A bag contains 20 Red balls and 16 Blue balls.
You repeatedly perform the following operation:
- Remove any two balls from the bag.
- If the two balls are the same color, add one Blue ball to the bag.
- If the two balls are of different colors, add one Red ball to the bag.
Each operation removes two balls and adds one ball back to the bag, and the process continues until only one ball remains.
What will be the color of the last remaining ball?
Check if you were right - full answer with solution below.

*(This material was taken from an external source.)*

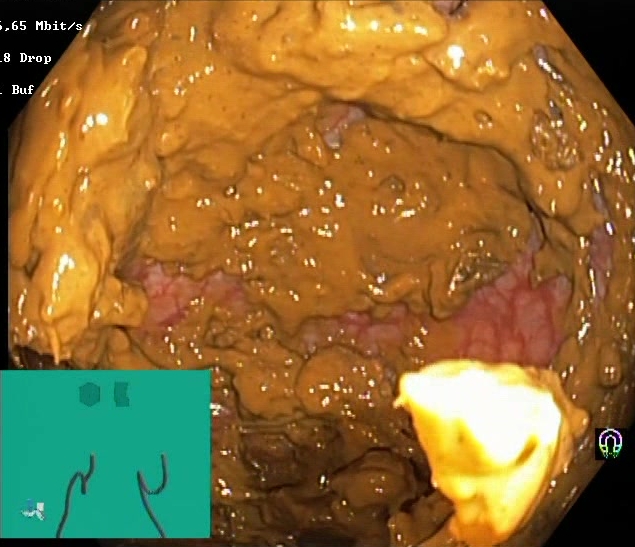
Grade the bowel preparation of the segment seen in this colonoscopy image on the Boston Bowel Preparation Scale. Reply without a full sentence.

Step 1: Check the number of Red balls
Initially:
- 20 Red balls
- 16 Blue balls
20 is an even number.
Step 2: What happens to Red balls?
When two balls are removed:
- Red + Red → Red decreases by 2
- Blue + Blue → Red unchanged
- Red + Blue → Red unchanged
So the number of Red balls either decreases by 2 or stays the same.
This means the number of Red balls always remains even.
Step 3: The last ball
At the end, only one ball remains.
If it were Red, then the number of Red balls would be 1 (odd).
But we have already shown that the number of Red balls always remains even.
Since this is not possible, the last ball cannot be Red.
So, the only possibility is that the last remaining ball is Blue.
Core Insight
For this set of replacement rules:
- If the initial number of Red balls is odd, the last ball is Red.
- If it is even, the last ball is Blue.